Mais avoir raison seul, c’est parfois avoir tort. La situation qui s’ouvre interroge spécifiquement la stratégie du candidat Macron, et la nature même de son lien avec les Français. Depuis le début de la pandémie de Covid au printemps 2020 (« Nous sommes en guerre, l’ennemi est là »), puis de la guerre – armée cette fois – en Ukraine, le 24 février, M. Macron s’est vécu comme un président d’exception pour une période d’exception.

Si la crise sanitaire a été l’occasion pour lui de multiplier les adresses à la nation, de rassurer, de soutenir les entreprises et l’emploi – le fameux quoi qu’il en coûte –, l’agression de l’Ukraine l’a projeté dans une séquence diplomatique intense, le chef de l’État endossant le rôle de celui qui dialogue avec l’ennemi, puis, investi de la présidence européenne, du chef d’orchestre des Vingt-Sept réunis en mars dans le cadre royal de Versailles pour discuter des sanctions contre la Russie. Si on y ajoute le marathon qui se tint peu après à Bruxelles, enchaînant les sommets de l’Otan, du G7 et de l’Union européenne, Emmanuel Macron en a fait beaucoup pour transformer l’habit présidentiel en bouclier, voire en camouflage du candidat. Une petite musique s’est insinuée, propagée par ses adversaires : M. Macron se dérobait, se dispensait de descendre dans l’arène électorale, occupé qu’il était à régler le sort d’une partie du monde. Un stratagème en guise de stratégie. Alors que Marine Le Pen enfonçait le clou du pouvoir d’achat, le président si peu candidat n’a pas jugé utile de faire la jonction entre un chef de l’État jouant dans la cour des grands de ce monde, et un dirigeant attentif aux attentes de ses concitoyens. Comme s’il se sentait investi d’une mission supérieure. Comme s’il était déjà élu, non par le peuple, mais par une force immanente le désignant lui et personne d’autre. Une inclination vers l’action individuelle plutôt que vers l’élan collectif susceptible d’entraîner derrière lui tout un peuple.

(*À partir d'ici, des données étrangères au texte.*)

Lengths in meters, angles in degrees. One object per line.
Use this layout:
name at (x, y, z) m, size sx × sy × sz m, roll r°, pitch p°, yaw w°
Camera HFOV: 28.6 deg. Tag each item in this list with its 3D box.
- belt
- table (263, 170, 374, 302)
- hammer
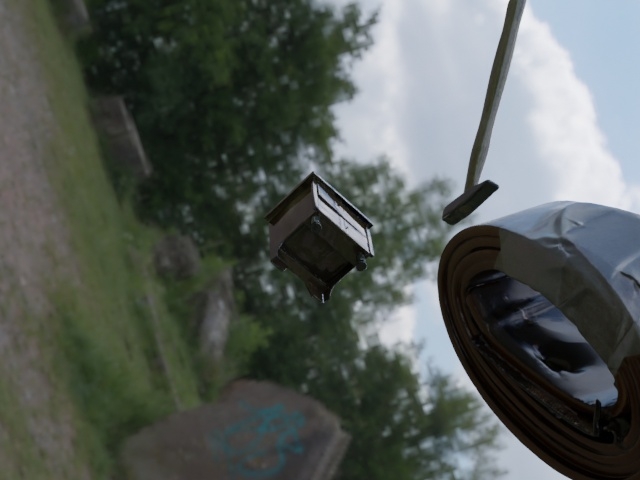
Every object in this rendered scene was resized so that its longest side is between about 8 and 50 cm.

Est-il un acteur de haut vol en quête d’un nouveau rôle dont il peine à trouver le texte ?

Ce penchant n’est pas nouveau chez lui. On pourrait même y voir sa signature. Dès 2015, avant même de briguer la présidence, il nous avait confié sa réflexion – son regret ? – sur l’absence du roi dans les institutions, considérant que, hormis les moments napoléonien et gaullien, une place était restée vacante, que nul président n’avait su remplir. Une fois vainqueur, il n’eut de cesse de remédier à ce vide, au point d’exercer un pouvoir qualifié de jupitérien. Une verticalité aussi raide que la pyramide du Louvre au soir de sa victoire, lui dont la campagne portée par ses marcheurs avait au contraire voulu ouvrir une ère d’horizontalité et de coconstruction de la décision publique avec les citoyens. Plus tard, n’ayant su entendre les grondements populaires, le Grand Débat national qu’il voulut après la crise des Gilets jaunes laissa davantage le souvenir de longs monologues où il assurait le spectacle, plutôt que d’une écoute compréhensive.

Spectacle ? Le mot n’est pas anodin, accolé depuis si longtemps au jeu politique. Emmanuel Macron pourra-t-il capter les aspirations profondes des Français, pour en tirer des lignes d’action claires et engageantes ? Ou est-il un acteur de haut vol en quête d’un nouveau rôle dont il peine à trouver le texte ? Il a moins de deux semaines pour répondre.